Australian anti-immigration firebrand Pauline Hanson on Sunday said she has abandoned plans to move to Britain because "it's overrun with immigrants and refugees".
Hanson, the former One Nation party chief who famously warned that Australia was at risk of being "swamped by Asians", said France was also inundated with foreigners and she had decided to stay in Australia.
"I love England but so many people want to leave there because it's overrun with immigrants and refugees," Hanson, 56, told the Sun Herald newspaper
"France is becoming filled with Muslims and the French and English are losing their way of life because they're controlled by foreigners."

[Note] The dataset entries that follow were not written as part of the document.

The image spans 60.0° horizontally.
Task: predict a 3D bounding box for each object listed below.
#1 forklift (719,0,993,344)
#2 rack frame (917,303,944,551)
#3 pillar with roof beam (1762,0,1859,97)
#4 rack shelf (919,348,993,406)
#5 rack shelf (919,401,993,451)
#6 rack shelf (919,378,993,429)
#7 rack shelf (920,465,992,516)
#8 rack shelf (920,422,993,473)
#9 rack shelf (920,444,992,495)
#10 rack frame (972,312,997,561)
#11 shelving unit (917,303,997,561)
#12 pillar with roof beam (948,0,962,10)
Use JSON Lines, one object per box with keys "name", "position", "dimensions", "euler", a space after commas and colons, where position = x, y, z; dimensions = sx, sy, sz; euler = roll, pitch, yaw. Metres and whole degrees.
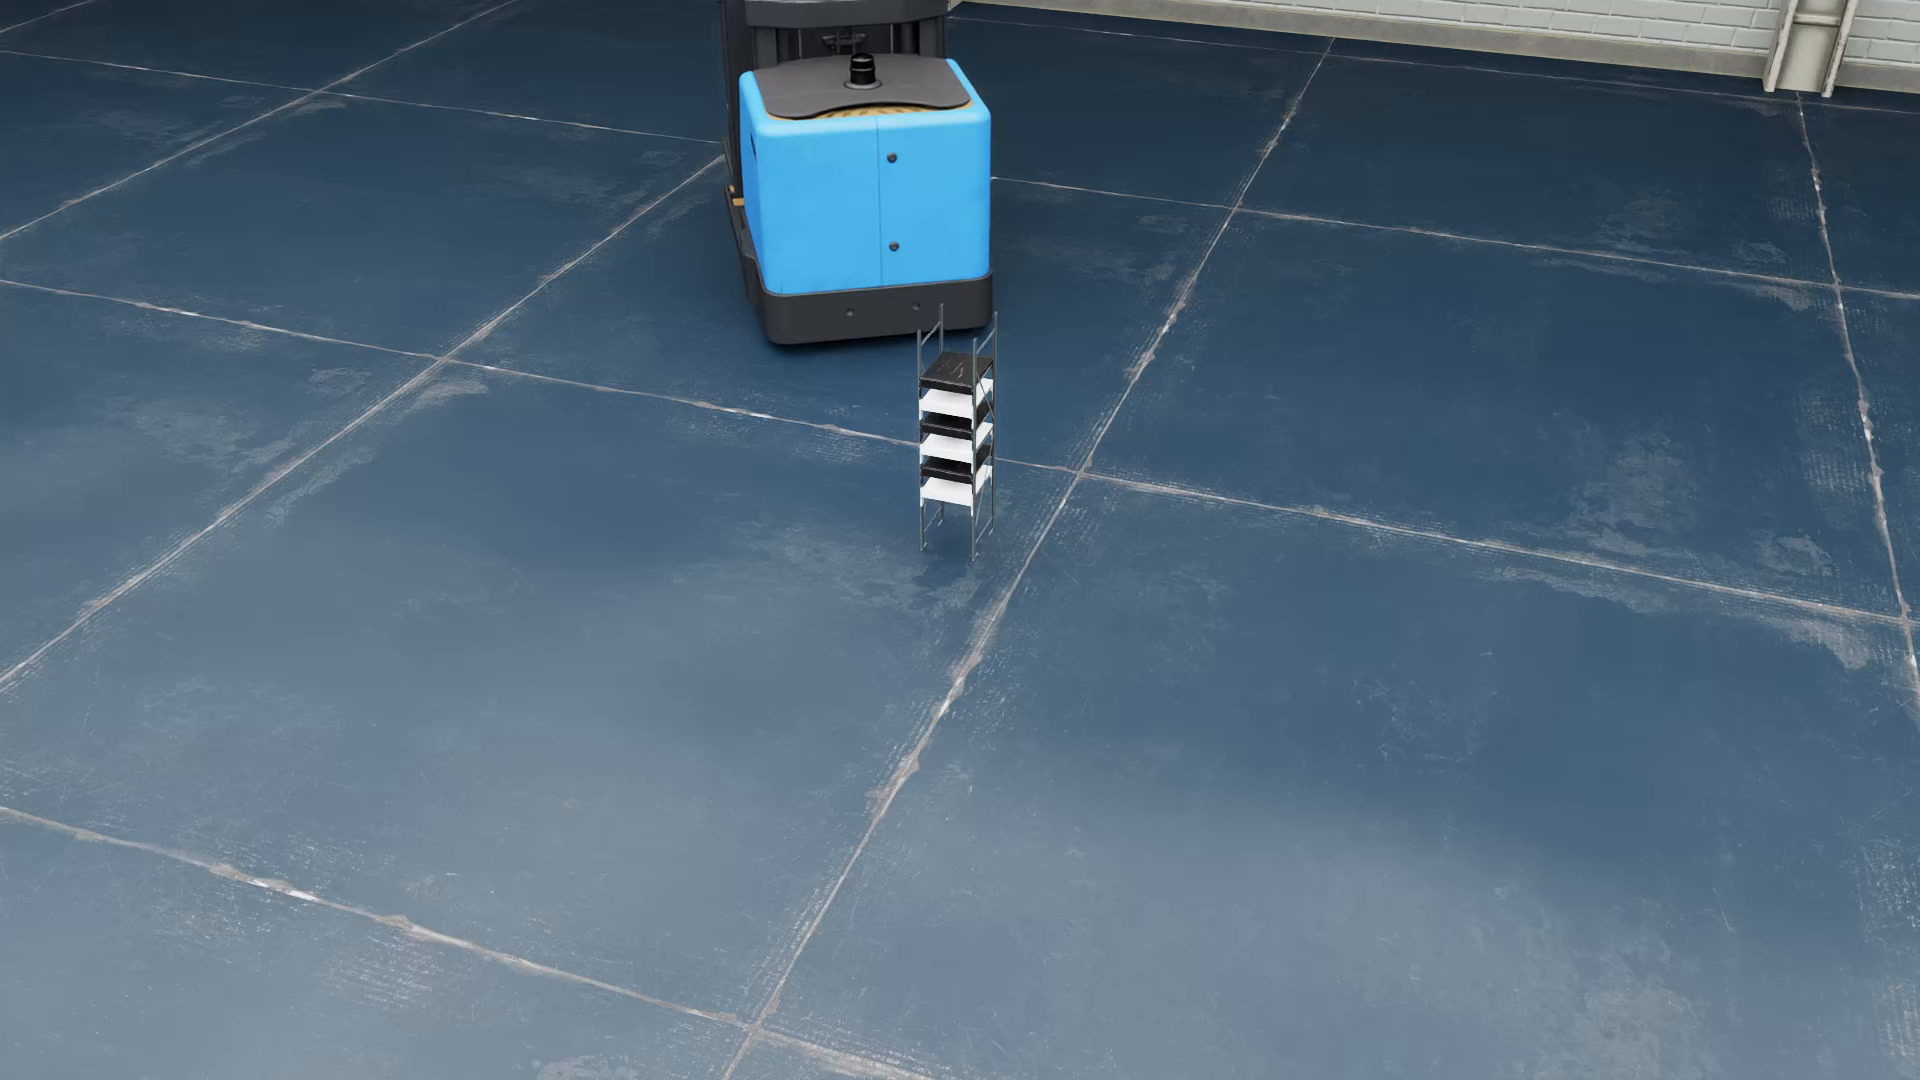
{"name": "forklift", "position": [-0.654, -2.901, 8.041], "dimensions": [1.130, 2.935, 3.031], "euler": [-6, 33, -10]}
{"name": "rack frame", "position": [-0.103, -0.398, 6.037], "dimensions": [0.006, 0.900, 0.240], "euler": [11, 34, 16]}
{"name": "pillar with roof beam", "position": [3.984, -4.527, 4.965], "dimensions": [0.400, 9.000, 9.100], "euler": [11, 34, 16]}
{"name": "rack shelf", "position": [-0.008, -0.578, 5.880], "dimensions": [0.200, 0.077, 0.258], "euler": [11, 34, 16]}
{"name": "rack shelf", "position": [-0.008, -0.427, 5.977], "dimensions": [0.200, 0.077, 0.258], "euler": [11, 34, 16]}
{"name": "rack shelf", "position": [-0.008, -0.503, 5.929], "dimensions": [0.200, 0.077, 0.258], "euler": [11, 34, 16]}
{"name": "rack shelf", "position": [-0.008, -0.200, 6.124], "dimensions": [0.200, 0.077, 0.258], "euler": [11, 34, 16]}
{"name": "rack shelf", "position": [-0.008, -0.352, 6.026], "dimensions": [0.200, 0.077, 0.258], "euler": [11, 34, 16]}
{"name": "rack shelf", "position": [-0.008, -0.276, 6.075], "dimensions": [0.200, 0.077, 0.258], "euler": [11, 34, 16]}
{"name": "rack frame", "position": [0.088, -0.361, 5.979], "dimensions": [0.006, 0.900, 0.240], "euler": [11, 34, 16]}
{"name": "shelving unit", "position": [-0.008, -0.380, 6.008], "dimensions": [0.210, 0.900, 0.258], "euler": [11, 34, 16]}
{"name": "pillar with roof beam", "position": [-1.664, -5.625, 6.665], "dimensions": [0.400, 9.000, 9.100], "euler": [11, 34, 16]}

The former fish and chip shop owner in February announced she was emigrating to Britain due to disillusionment with Australia's immigration and trade policies.
The far-right British National Party said Hanson would be "very welcome" in their party, lamenting the "politically correct intimidation and bullying" which had driven her from her home country.
But after a 10-week tour of Europe Hanson said she had decided life in Australia was not so bad.
"Problems are worse over there than they are in Australia," she said.
"Australia is still the best place in the world to live, (though) the same sorts of awful things are happening here too."
Hanson drew international condemnation but briefly won domestic support in the 1990s with her anti-immigration and trade protection policies, before losing her seat in 1998.
She spent several weeks in jail in 2003 for fraudulently spending electoral funds before the judgement was overturned.
In 2007, she ran unsuccessfully for a national Senate seat, switching her target from Asians to Islam and calling for an end to immigration by Muslims to protect "Australian culture".
Last year, Hanson blamed her failure in the Queensland state election on the publication of raunchy photos purportedly taken by an ex-boyfriend. The pictures turned out to be of another woman.
Hanson also hinted at a return to politics, saying she had "constantly" been encouraged by well-wishers in Europe.
"I still haven't got politics out of my system," she said.